Mali : 10 ans de prison pour le « coupeur de main » de Gao

« Les victimes ont parcouru 1 222 km pour venir témoigner devant la justice »

Vendredi 18 août, la justice malienne a condamné Aliou Mahamame Touré, l’ex-commissaire de la police islamique de Gao à 10 ans de prison a-t-on apprit de Mouvement Mondiale des Droits de l’Homme (FIDH). Quatre ans après les faits, c’est un moment important pour les victimes qui ont pu participer au procès, et une première étape pour la justice malienne dans le traitement des crimes commis par les groupes islamistes contre les populations dans le Nord du pays entre 2012 et 2013. La FIDH et le Mouvement Mondial des Droits de l’Homme ont toute fois regretté que l’infraction de crimes de guerre n’ait pas été retenue par la justice.

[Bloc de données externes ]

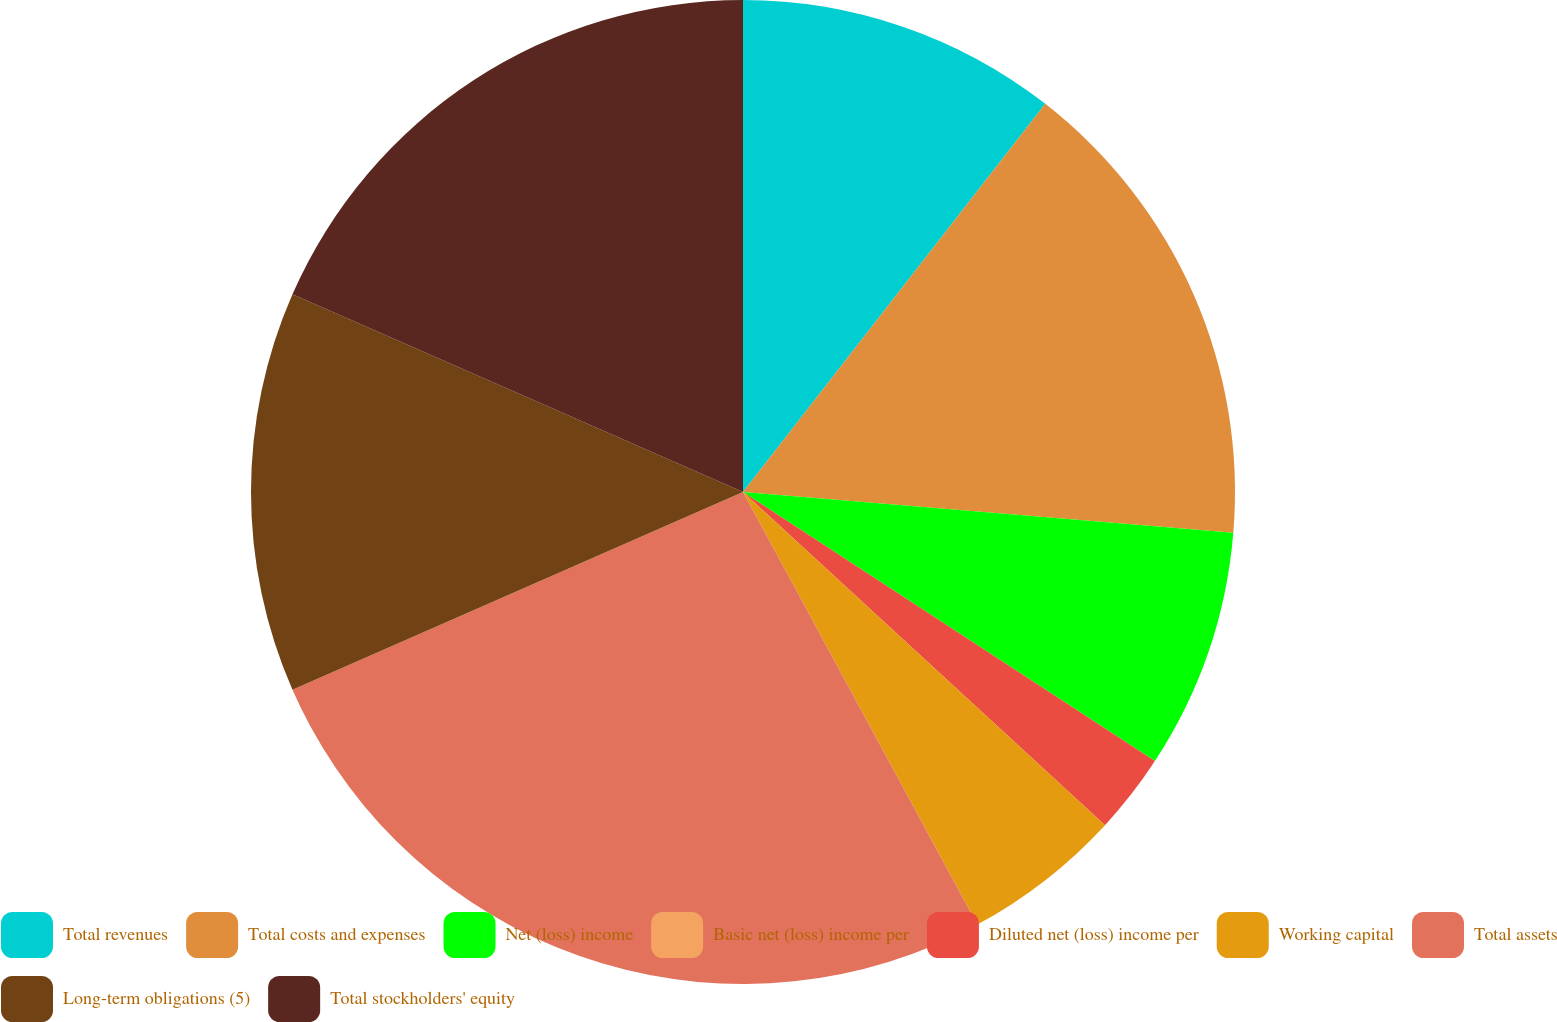<chart> <loc_0><loc_0><loc_500><loc_500><pie_chart><fcel>Total revenues<fcel>Total costs and expenses<fcel>Net (loss) income<fcel>Basic net (loss) income per<fcel>Diluted net (loss) income per<fcel>Working capital<fcel>Total assets<fcel>Long-term obligations (5)<fcel>Total stockholders' equity<nl><fcel>10.53%<fcel>15.79%<fcel>7.89%<fcel>0.0%<fcel>2.63%<fcel>5.26%<fcel>26.32%<fcel>13.16%<fcel>18.42%<nl></chart>

une victime avait déclaré  devant les juges ceci: « Depuis mon amputation, j’attendais le moment où je pourrais dire, en face d’Aliou Mahamane Touré, ce que j’ai subi en 2013 et ce que je vis depuis lors. Je suis heureux d’avoir pu le faire aujourd’hui, mais je regrette que les tortures que nous avons subies n’aient pas été pleinement reconnues. C’est donc une victoire en demi teinte pour moi, et pour les victimes de Gao »

Dès 2013, la FIDH avec l’AMDH (Association Malienne des Droits de l’Homme) a apporter son appui pour l’accompagnement des victimes tout au long de la procédure : accompagnement judiciaire et soutien matériel notamment en organisant leur venue et leur participation au procès.

nonobstant cette victoire, l’organisation a confié vouloir continuer aujourd’hui à accompagner les victimes dans d’autres procédures judiciaires relatives à la crise de 2012-2013 pour garantir le droit des victimes à la justice et lutter contre l’impunité. Ces accompagnement se poursuivront par exemple pour plusieurs dizaines de femmes victimes de crimes sexuels dans le Nord du pays et qui attendent un procès.

A rappeler qu’en Guinée, l’organisation internationale pour la défense des droits de l’homme appui les victimes du 28 septembre pour la réalisation du procès des présumés auteurs du stade du même nom.